<div align="center">

# Getting Started with Patra Model Card Toolkit

</div>

The Patra Toolkit is a component of the Patra ModelCards framework designed to simplify the process of creating and documenting AI/ML models. It provides a structured schema that guides users in providing essential information about their models, including details about the model's purpose, development process, and performance. The toolkit also includes features for semi-automating the capture of key information, such as fairness and explainability metrics, through integrated analysis tools. By reducing the manual effort involved in creating model cards, the Patra Toolkit encourages researchers and developers to adopt best practices for documenting their models, ultimately contributing to greater transparency and accountability in AI/ML development.

The Patra Toolkit embeds transparency and governance directly into the training workflow. Integrated scanners collect essential metadata—data sources, fairness metrics, and explainability insights—during model training and then generate a machine‑actionable JSON model card. These cards plug into the Patra Knowledge Base for rich queries on provenance, version history, and auditing.

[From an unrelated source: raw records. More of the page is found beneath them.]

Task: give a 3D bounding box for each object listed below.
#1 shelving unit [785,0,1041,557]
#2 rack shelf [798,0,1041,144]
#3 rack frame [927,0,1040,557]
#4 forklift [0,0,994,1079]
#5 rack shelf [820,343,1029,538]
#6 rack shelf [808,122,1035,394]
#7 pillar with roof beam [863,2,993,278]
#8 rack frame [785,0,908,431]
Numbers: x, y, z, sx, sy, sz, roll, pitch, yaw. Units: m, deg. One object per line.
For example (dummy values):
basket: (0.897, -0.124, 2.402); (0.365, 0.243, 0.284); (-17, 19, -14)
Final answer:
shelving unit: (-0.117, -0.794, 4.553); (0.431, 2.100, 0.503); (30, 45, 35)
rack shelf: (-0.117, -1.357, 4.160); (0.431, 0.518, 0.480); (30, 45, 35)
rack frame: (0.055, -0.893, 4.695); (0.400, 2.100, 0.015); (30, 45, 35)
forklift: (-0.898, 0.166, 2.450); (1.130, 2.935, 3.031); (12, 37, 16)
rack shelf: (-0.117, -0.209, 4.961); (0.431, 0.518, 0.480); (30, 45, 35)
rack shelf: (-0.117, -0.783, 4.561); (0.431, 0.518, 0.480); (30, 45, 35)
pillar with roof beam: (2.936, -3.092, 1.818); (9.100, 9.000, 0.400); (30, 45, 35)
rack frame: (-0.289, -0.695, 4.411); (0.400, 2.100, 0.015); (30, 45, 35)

Flexible back‑ends publish models and artifacts to repositories such as Hugging Face or GitHub, automatically recording lineage links to trace every model’s evolution.


---

This notebook demonstrates:

1. **Loading & Preprocessing** the UCI Adult Dataset  
2. **Training** a simple TensorFlow model  
3. **Creating a Model Card** with optional Fairness and XAI scans  
4. **Submitting** the Model Card (and optionally the model, inference label, and artifacts) to:
   - **Patra server** (for model card storage)  
   - **Backend** (Hugging Face or GitHub) for model storage

---

## 1. Environment Setup

In [None]:
!pip install patra-toolkit

In [None]:
!pip install numpy pandas tensorflow scikit-learn

In [2]:
import logging

# logging.basicConfig(level=logging.INFO)
logging.getLogger("absl").setLevel(logging.ERROR)
logging.getLogger("huggingface_hub").setLevel(logging.ERROR)
logging.getLogger("PyGithub").setLevel(logging.ERROR)

import pandas as pd
import tensorflow as tf
from sklearn.model_selection import train_test_split
from sklearn.preprocessing import LabelEncoder

from patra_toolkit import ModelCard, AIModel

## 2. Load and Pre-process the Data

We'll use the **UCI Adult Dataset**, which predicts whether an individual's income is above or below $50K based on demographics. This dataset is a common benchmark for exploring model fairness.

In [3]:
# Download UCI Adult dataset
import pandas as pd
from sklearn.preprocessing import LabelEncoder
from sklearn.model_selection import train_test_split

# Download the dataset
url = "https://archive.ics.uci.edu/ml/machine-learning-databases/adult/adult.data"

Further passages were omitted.